The 3-Year Deadline: Jurisdictions must fix "Significant Deficiencies" within 3 years or face the FATF Grey List, with direct consequences for every law firm in that jurisdiction.
The Proliferation Financing (PF) Mandate: For the first time, lawyers must assess and mitigate the risk of sanctions evasion and the financing of weapons of mass destruction.
FATF's July 2024 Horizontal Review of Gatekeepers found that cornerstone obligations - CDD, internal controls, and risk-based supervision, consistently lag in the legal sector.
The headline finding: 7 FATF member jurisdictions representing more than half of the world's GDP scored below 50% on gatekeeper compliance.
The gap isn't in the rules. It's in the enforcement, and that's changing.
The Global Crackdown: Case Studies
1. Singapore's S$3 Billion Case
The largest money laundering case in Singapore's history revealed how lawyers facilitated the integration of illicit funds into legitimate assets.
The scale:
S$3 billion in assets seized
Over 200 properties valued at S$370+ million
Luxury vehicles, jewellery, gold bars, cryptocurrency
10 foreign nationals arrested
Assets spread across Singapore and multiple offshore jurisdictions
The lawyer connection:
The individuals convicted used Singapore law firms to convey properties - the final step in integrating criminal proceeds into the legitimate economy. The lawyers asked few questions. They accepted explanations at face value. They failed to verify source of funds.
What went wrong at each firm:
Anthony Law Corporation acted for 9 clients on 25 properties worth approximately S$135 million. They failed to verify why transactions were funded by unrelated third parties. When money comes from someone other than your client, that's not a minor irregularity - it's a fundamental red flag.
Fortis Law Corporation failed to verify claims that payments originated from "legitimate" remittance companies. Remittance companies are a classic layering mechanism. The explanation should have triggered enhanced scrutiny, not acceptance.

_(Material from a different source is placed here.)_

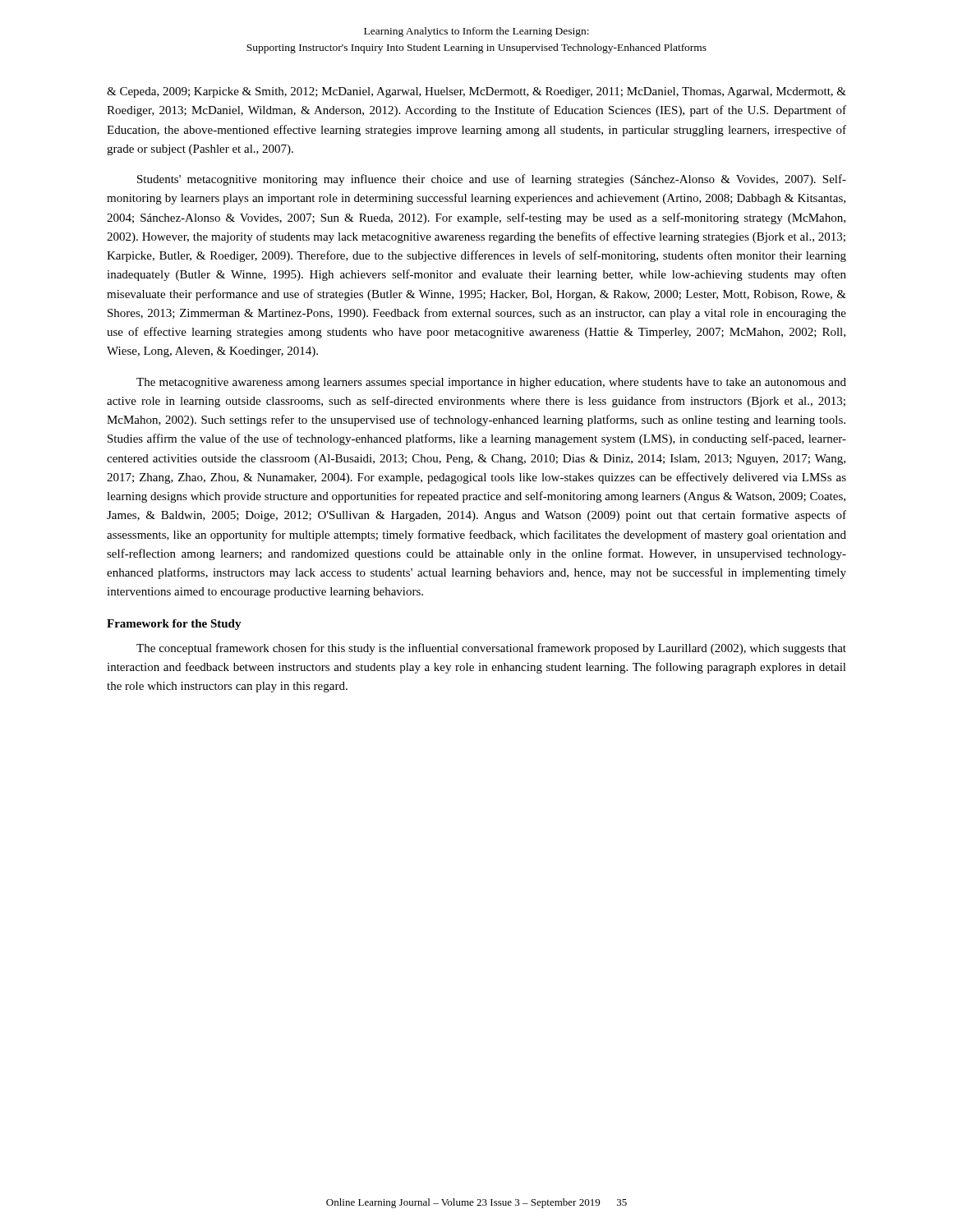Find the text block that reads "Students' metacognitive monitoring may influence their choice and"

point(476,265)

Legal Solutions LLC failed to document client risk analysis or perform Enhanced Due Diligence after filing Suspicious Transaction Reports. Filing an STR is not the end of your obligation - it's an acknowledgment that something is wrong. Continuing the relationship without enhanced measures defeats the purpose.
Malkin & Maxwell LLP relied on checks "assumed" to have been done by third parties. In AML, your CDD obligation is yours alone. You cannot outsource it. You cannot assume someone else did it. If you can't prove you did due diligence, you didn't do due diligence.

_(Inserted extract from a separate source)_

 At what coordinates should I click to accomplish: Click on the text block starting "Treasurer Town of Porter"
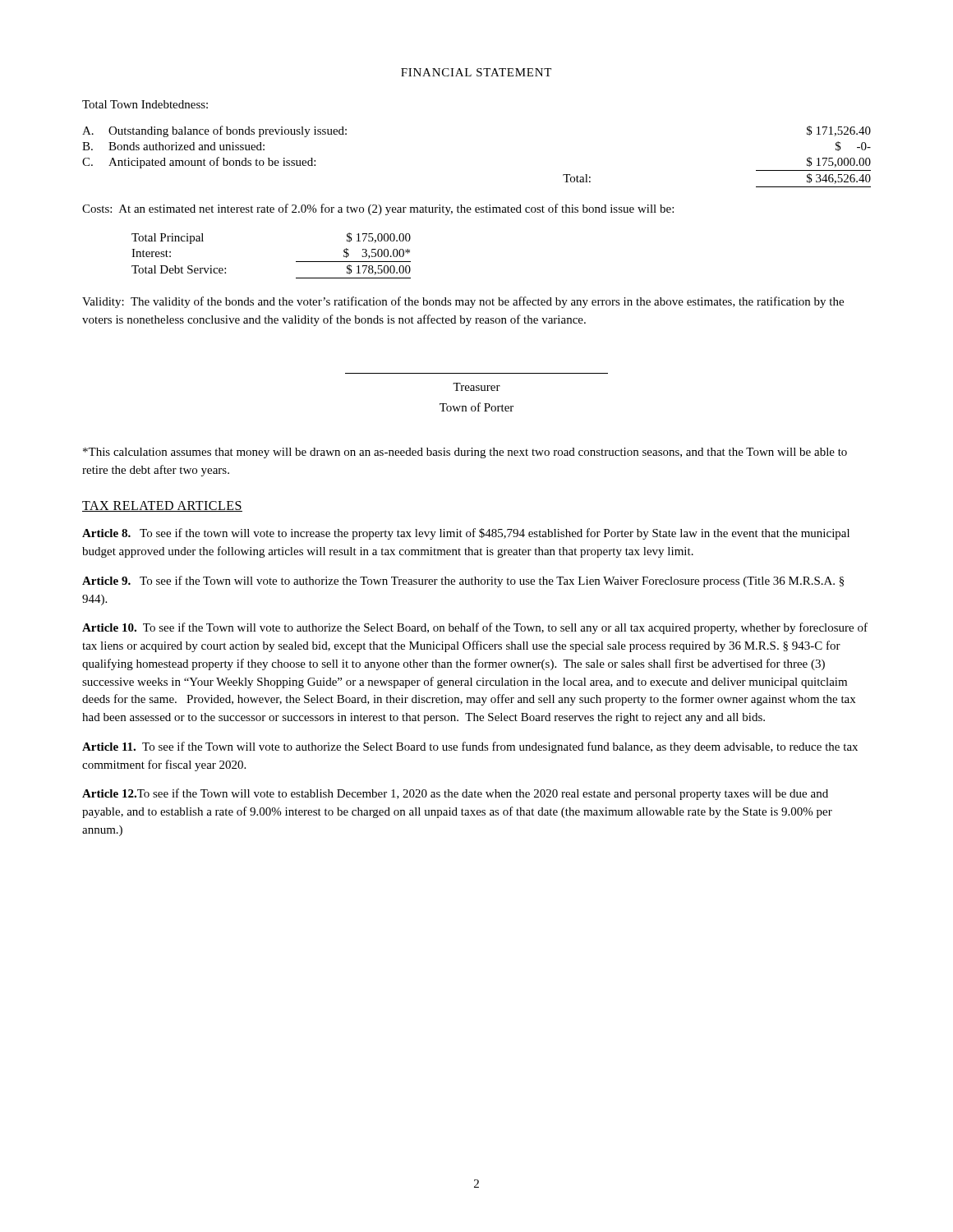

2. Op Northern Star: The Penang Case Study
The risk isn't confined to Singapore. In mid-2025, Malaysian authorities launched Op Northern Star, a massive crackdown on money laundering linked to a major Ponzi scheme.
The fallout in Penang:
Prominent lawyers detained: Two Penang-based lawyers, both holding the "Datuk" title, were hauled up for questioning.

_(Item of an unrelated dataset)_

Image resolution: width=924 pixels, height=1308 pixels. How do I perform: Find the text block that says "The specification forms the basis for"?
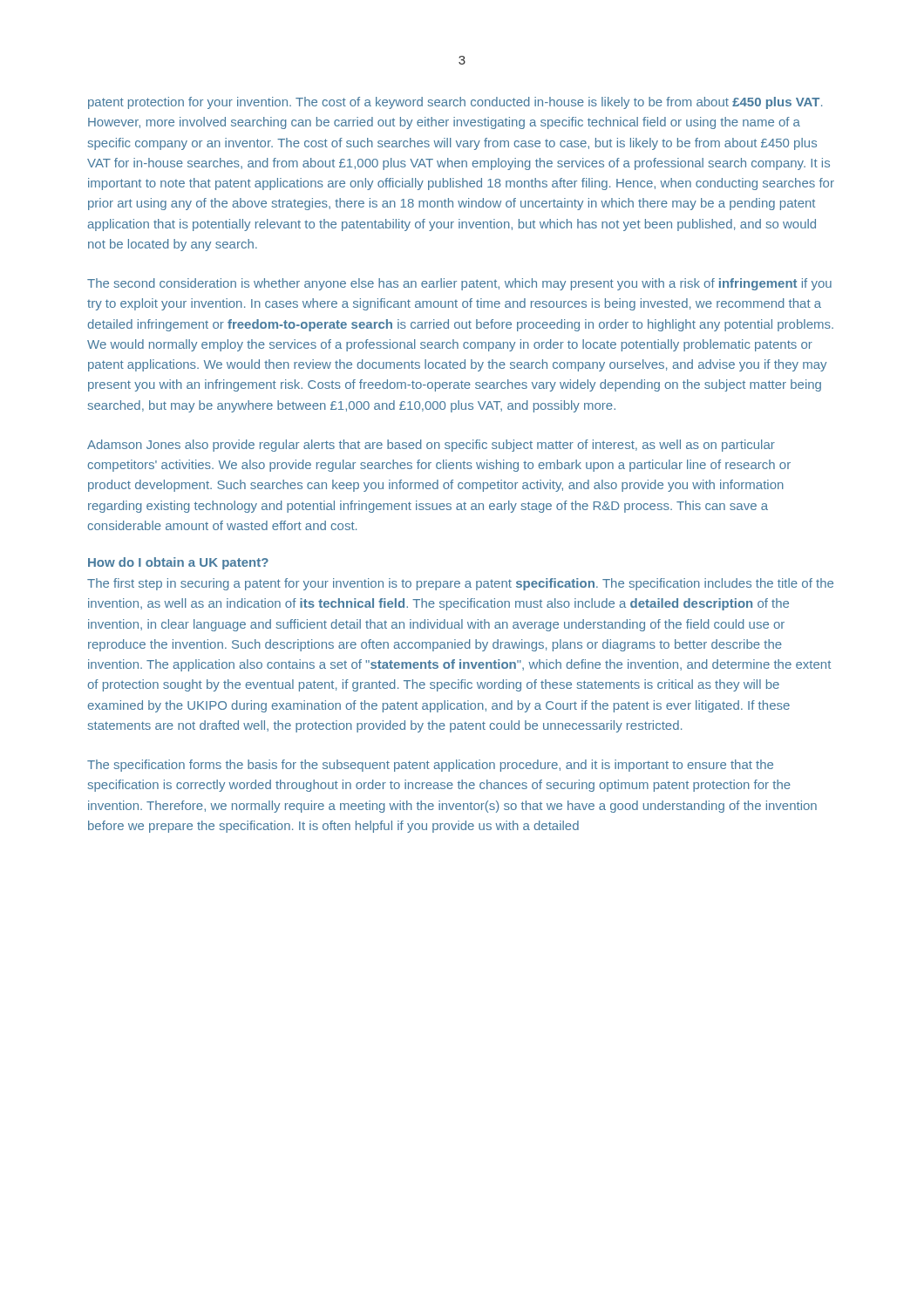tap(452, 795)

Seizure of documents: Police seized files related to high-value stock transactions and real estate conveyancing, alleging that funds were laundered through luxury property developments and penny stock manipulation.
Professional complicity: Investigators highlighted that the scheme relied on a network of "legitimate" professionals. As one senior lawyer in Georgetown noted: "One out of five professionals here ... are in some way inadvertently involved."
The shift in regulatory approach:
This case highlighted that regulators are no longer treating professionals as "victims" of their clients' deception. They are treating them as active gatekeepers who failed to look behind the curtain.
The distinction matters. A victim is someone who was deceived despite reasonable precautions. A failed gatekeeper is someone who didn't take reasonable precautions in the first place.
The lawyers in Penang may not have known their clients were criminals. But did they ask the right questions? Did they verify source of funds? Did they question why a client needed complex structures or rapid transactions?
If the answer is no, "I didn't know" is not a defence. It's an admission.
3. The Danske Bank Ecosystem
The Danske Bank scandal - €200 billion in suspicious transactions through the bank's Estonian branch, wasn't just a banking failure. It was an ecosystem failure that included lawyers at multiple points.
The lawyer connection:
Law firms created the shell companies that held accounts at the Estonian branch
Lawyers provided nominee directors and registered offices
Legal structures obscured beneficial ownership from the bank's compliance team
Professional intermediaries added layers of apparent legitimacy
The bank saw transactions. But the architecture that made those transactions possible - the shell companies, the nominee arrangements, the complex ownership structures, was built by lawyers and other professional service providers.
Key insight: By the time suspicious funds reach a bank account, the laundering infrastructure is already in place. Lawyers who create that infrastructure without adequate due diligence are not peripheral to the crime. They are foundational to it.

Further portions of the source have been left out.